> ASSIGNED TASK:
Write out every entry below exactly as it appears. Pictures do not belong in the copy.

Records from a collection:

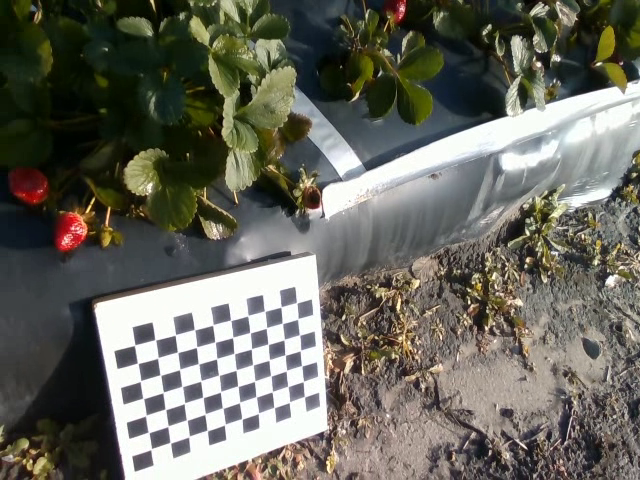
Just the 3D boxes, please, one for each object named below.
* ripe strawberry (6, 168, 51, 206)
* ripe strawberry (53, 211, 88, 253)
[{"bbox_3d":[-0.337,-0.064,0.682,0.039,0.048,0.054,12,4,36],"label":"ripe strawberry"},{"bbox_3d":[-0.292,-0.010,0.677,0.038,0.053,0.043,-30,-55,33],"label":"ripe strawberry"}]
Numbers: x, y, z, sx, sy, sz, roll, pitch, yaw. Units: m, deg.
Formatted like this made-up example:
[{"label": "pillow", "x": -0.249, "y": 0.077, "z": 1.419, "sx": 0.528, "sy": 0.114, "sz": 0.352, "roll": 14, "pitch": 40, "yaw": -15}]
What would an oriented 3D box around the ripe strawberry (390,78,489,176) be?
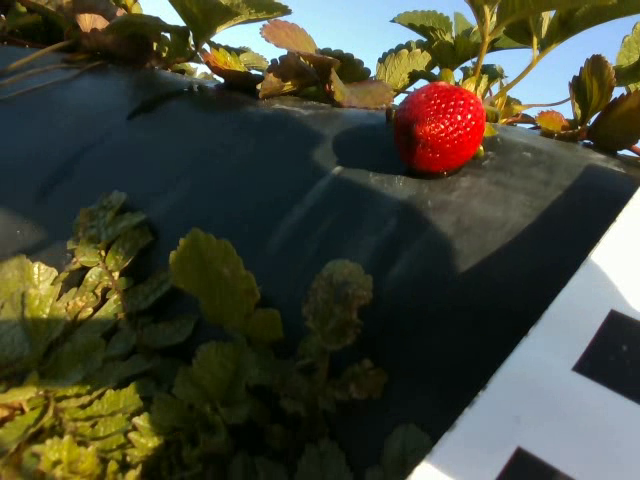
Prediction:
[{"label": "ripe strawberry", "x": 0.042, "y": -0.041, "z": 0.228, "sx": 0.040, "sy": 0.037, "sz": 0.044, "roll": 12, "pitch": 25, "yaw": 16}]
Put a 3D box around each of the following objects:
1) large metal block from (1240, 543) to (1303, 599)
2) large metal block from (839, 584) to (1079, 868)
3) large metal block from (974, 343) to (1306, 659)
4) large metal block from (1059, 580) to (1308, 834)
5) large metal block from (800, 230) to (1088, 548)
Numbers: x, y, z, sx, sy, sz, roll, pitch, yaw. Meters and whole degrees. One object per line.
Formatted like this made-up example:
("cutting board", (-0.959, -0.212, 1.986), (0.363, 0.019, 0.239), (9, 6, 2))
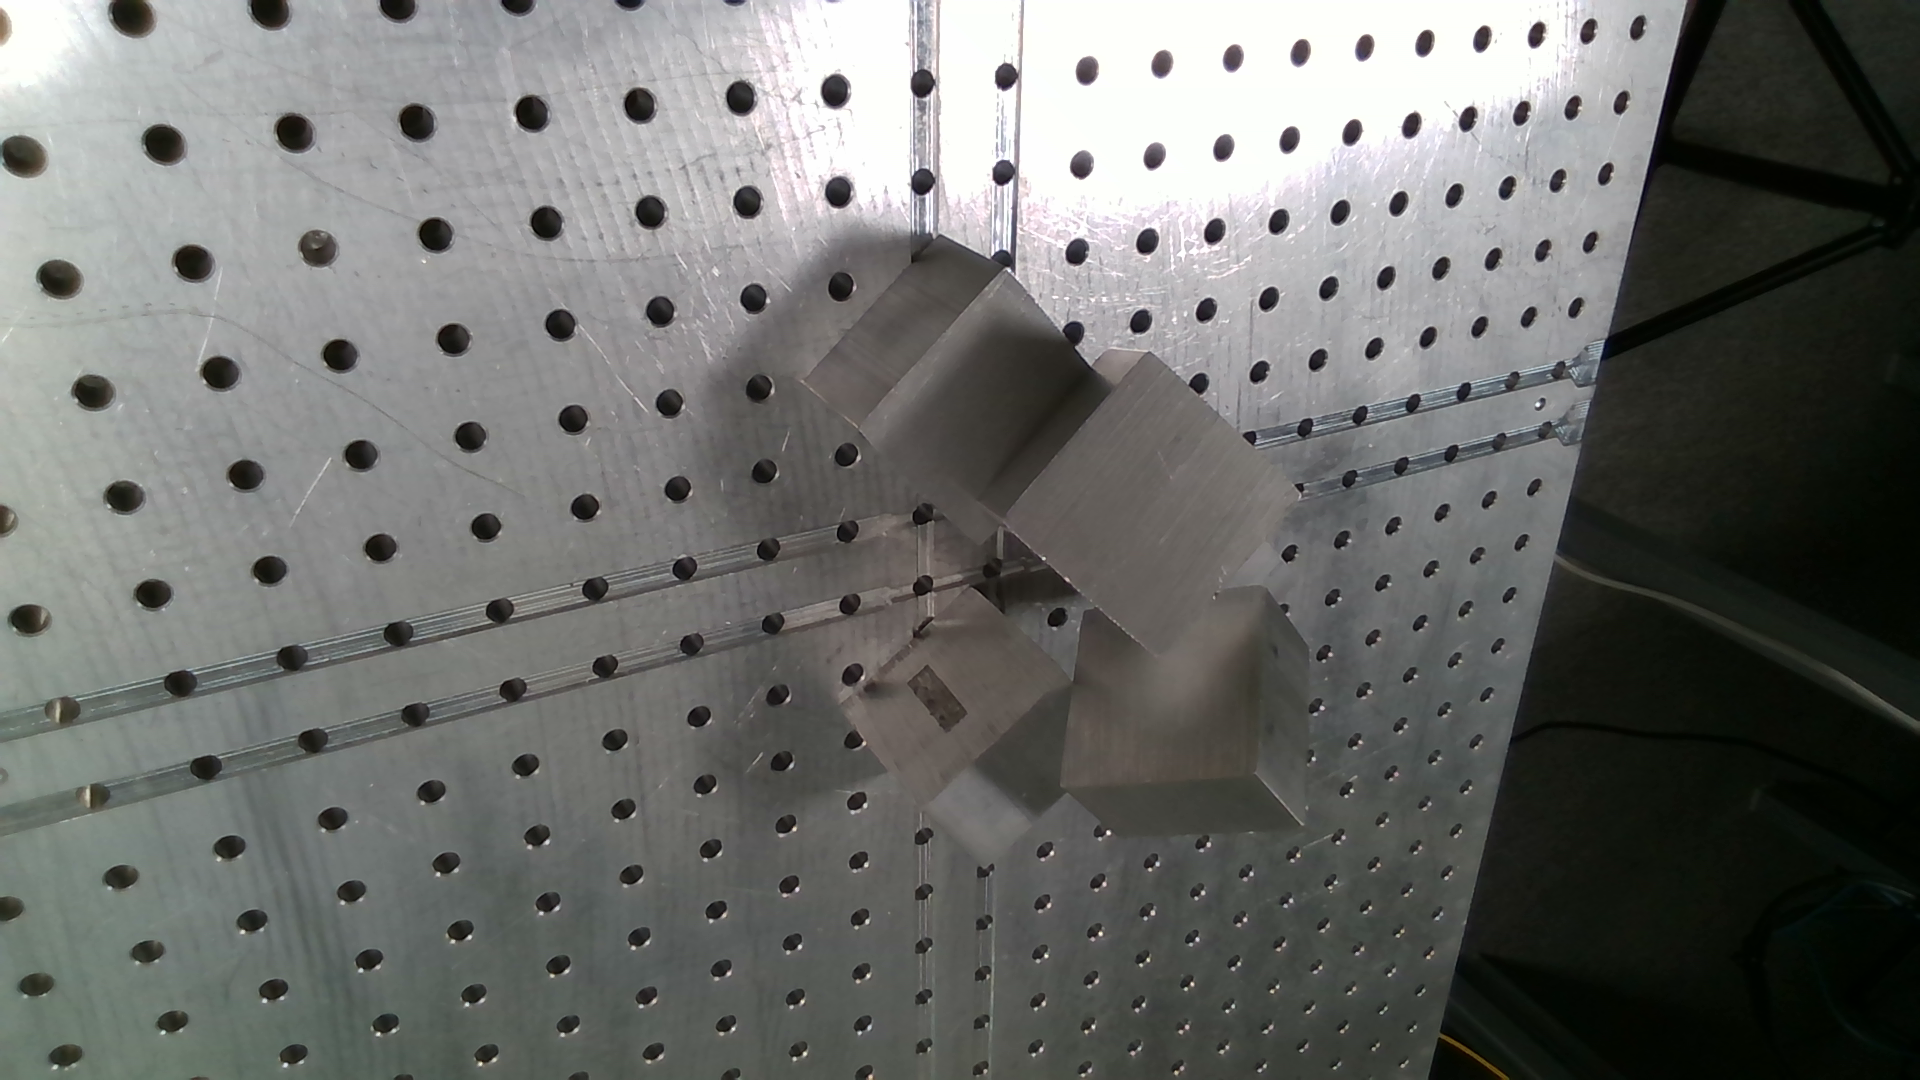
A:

> FINISHED TASK:
Just the 3D boxes, please, one for each object named below.
* ripe strawberry (6, 168, 51, 206)
* ripe strawberry (53, 211, 88, 253)
[{"bbox_3d":[-0.337,-0.064,0.682,0.039,0.048,0.054,12,4,36],"label":"ripe strawberry"},{"bbox_3d":[-0.292,-0.010,0.677,0.038,0.053,0.043,-30,-55,33],"label":"ripe strawberry"}]
Numbers: x, y, z, sx, sy, sz, roll, pitch, yaw. Units: m, deg.
Formatted like this made-up example:
[{"label": "pillow", "x": -0.249, "y": 0.077, "z": 1.419, "sx": 0.528, "sy": 0.114, "sz": 0.352, "roll": 14, "pitch": 40, "yaw": -15}]
What would an oriented 3D box around the ripe strawberry (390,78,489,176) be?
Prediction:
[{"label": "ripe strawberry", "x": 0.042, "y": -0.041, "z": 0.228, "sx": 0.040, "sy": 0.037, "sz": 0.044, "roll": 12, "pitch": 25, "yaw": 16}]
Put a 3D box around each of the following objects:
1) large metal block from (1240, 543) to (1303, 599)
2) large metal block from (839, 584) to (1079, 868)
3) large metal block from (974, 343) to (1306, 659)
4) large metal block from (1059, 580) to (1308, 834)
5) large metal block from (800, 230) to (1088, 548)
Numbers: x, y, z, sx, sy, sz, roll, pitch, yaw. Meters and whole degrees. One object per line.
Formatted like this made-up example:
("cutting board", (-0.959, -0.212, 1.986), (0.363, 0.019, 0.239), (9, 6, 2))
A:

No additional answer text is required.